We did a rebalance on one of the containers today. The container's size was about 50GB and it took about an hour on an IBM DS4800 SAN hooked with fiber to the database node residing on an IBM pSeries (570) machine: 4 POWER5 processors allocated and 30GB of RAM.

I tried looking up time estimation for rebalancing containers on DB2 on Google, but didn't find anything useful. Luckily, things went on smoothly.
The error file "db2diag.log" had the following with regards to rebalancing:

2009-05-18-01.05.59.552039+180 E106271503A342     LEVEL: Warning
PID : 799110 TID : 1 PROC : db2rebal 0
INSTANCE: db2ehp NODE : 000
FUNCTION: DB2 UDB, buffer pool services, sqlb_rebalance, probe:2876
MESSAGE : ADM6062I Rebalance for table space "EHP#BTABD" (ID "17") has been
completed.

2009-05-18-01.05.59.552281+180 I106271846A295 LEVEL: Warning
PID : 799110 TID : 1 PROC : db2rebal 0
INSTANCE: db2ehp NODE : 000
FUNCTION: DB2 UDB, buffer pool services, sqlb_rebalance, probe:2876
MESSAGE : PoolID 17: Last extent moved was #1866949

During the rebalancing period, the container being worked on was not showing in the list on the ERP software (SAP) and threw some errors. It was working fine on the database level however. After the process completed, SAP reported the new containers properly.

2 comments:

Bloggylife said...

this poor guy tried to explain to me the concept of zoning and I had this look on my face HUH WTH ?? Again ..

I couldn't get it ...

SAN storage, partitioning, creating&attaching LUNs, increase space, RAIDs, that about what I know .. it's a BIG thing and it gives me a headache to understand it and still I learn something new when I have to deal with it ...

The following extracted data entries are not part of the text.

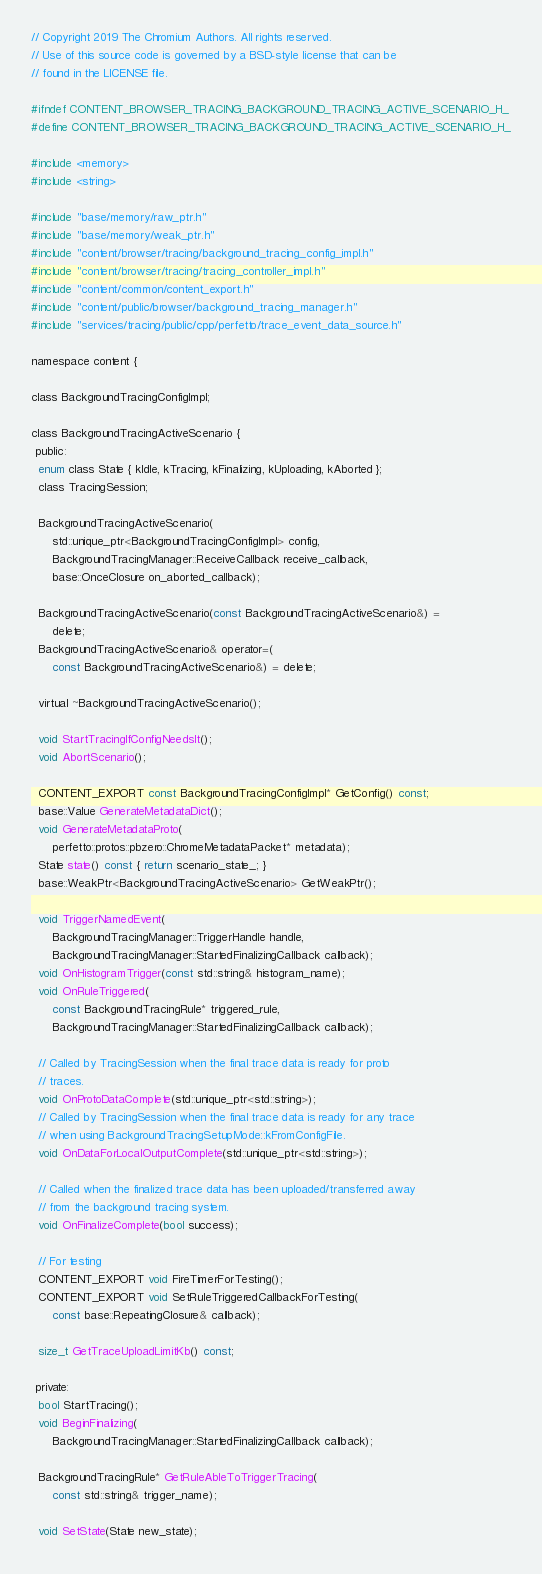Convert code to text. <code><loc_0><loc_0><loc_500><loc_500><_C_>// Copyright 2019 The Chromium Authors. All rights reserved.
// Use of this source code is governed by a BSD-style license that can be
// found in the LICENSE file.

#ifndef CONTENT_BROWSER_TRACING_BACKGROUND_TRACING_ACTIVE_SCENARIO_H_
#define CONTENT_BROWSER_TRACING_BACKGROUND_TRACING_ACTIVE_SCENARIO_H_

#include <memory>
#include <string>

#include "base/memory/raw_ptr.h"
#include "base/memory/weak_ptr.h"
#include "content/browser/tracing/background_tracing_config_impl.h"
#include "content/browser/tracing/tracing_controller_impl.h"
#include "content/common/content_export.h"
#include "content/public/browser/background_tracing_manager.h"
#include "services/tracing/public/cpp/perfetto/trace_event_data_source.h"

namespace content {

class BackgroundTracingConfigImpl;

class BackgroundTracingActiveScenario {
 public:
  enum class State { kIdle, kTracing, kFinalizing, kUploading, kAborted };
  class TracingSession;

  BackgroundTracingActiveScenario(
      std::unique_ptr<BackgroundTracingConfigImpl> config,
      BackgroundTracingManager::ReceiveCallback receive_callback,
      base::OnceClosure on_aborted_callback);

  BackgroundTracingActiveScenario(const BackgroundTracingActiveScenario&) =
      delete;
  BackgroundTracingActiveScenario& operator=(
      const BackgroundTracingActiveScenario&) = delete;

  virtual ~BackgroundTracingActiveScenario();

  void StartTracingIfConfigNeedsIt();
  void AbortScenario();

  CONTENT_EXPORT const BackgroundTracingConfigImpl* GetConfig() const;
  base::Value GenerateMetadataDict();
  void GenerateMetadataProto(
      perfetto::protos::pbzero::ChromeMetadataPacket* metadata);
  State state() const { return scenario_state_; }
  base::WeakPtr<BackgroundTracingActiveScenario> GetWeakPtr();

  void TriggerNamedEvent(
      BackgroundTracingManager::TriggerHandle handle,
      BackgroundTracingManager::StartedFinalizingCallback callback);
  void OnHistogramTrigger(const std::string& histogram_name);
  void OnRuleTriggered(
      const BackgroundTracingRule* triggered_rule,
      BackgroundTracingManager::StartedFinalizingCallback callback);

  // Called by TracingSession when the final trace data is ready for proto
  // traces.
  void OnProtoDataComplete(std::unique_ptr<std::string>);
  // Called by TracingSession when the final trace data is ready for any trace
  // when using BackgroundTracingSetupMode::kFromConfigFile.
  void OnDataForLocalOutputComplete(std::unique_ptr<std::string>);

  // Called when the finalized trace data has been uploaded/transferred away
  // from the background tracing system.
  void OnFinalizeComplete(bool success);

  // For testing
  CONTENT_EXPORT void FireTimerForTesting();
  CONTENT_EXPORT void SetRuleTriggeredCallbackForTesting(
      const base::RepeatingClosure& callback);

  size_t GetTraceUploadLimitKb() const;

 private:
  bool StartTracing();
  void BeginFinalizing(
      BackgroundTracingManager::StartedFinalizingCallback callback);

  BackgroundTracingRule* GetRuleAbleToTriggerTracing(
      const std::string& trigger_name);

  void SetState(State new_state);
</code> 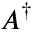<formula> <loc_0><loc_0><loc_500><loc_500>A ^ { \dagger }</formula> 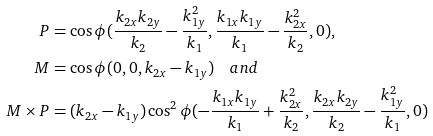<formula> <loc_0><loc_0><loc_500><loc_500>P & = \cos \phi ( \frac { k _ { 2 x } k _ { 2 y } } { k _ { 2 } } - \frac { k _ { 1 y } ^ { 2 } } { k _ { 1 } } , \frac { k _ { 1 x } k _ { 1 y } } { k _ { 1 } } - \frac { k _ { 2 x } ^ { 2 } } { k _ { 2 } } , 0 ) , \\ M & = \cos \phi ( 0 , 0 , k _ { 2 x } - k _ { 1 y } ) \quad a n d \\ M \times P & = ( k _ { 2 x } - k _ { 1 y } ) \cos ^ { 2 } \phi ( - \frac { k _ { 1 x } k _ { 1 y } } { k _ { 1 } } + \frac { k _ { 2 x } ^ { 2 } } { k _ { 2 } } , \frac { k _ { 2 x } k _ { 2 y } } { k _ { 2 } } - \frac { k _ { 1 y } ^ { 2 } } { k _ { 1 } } , 0 )</formula>

So you're still using storage manager 9, 10 is out, our support sez we need to upgrade the firmware which may affect servers attached to SAN, I need to look more into this ...

MBH said...

BloggyLife,
I saw the firmware update last year and dodged it; it started manifesting many problems for many companies.

Here's the enterprise rule: If it works, don't update it.

Firmwares are there to solve problems; if you have none, you don't need the firmware.

Storage Manager 10 is required only for newer firmwares.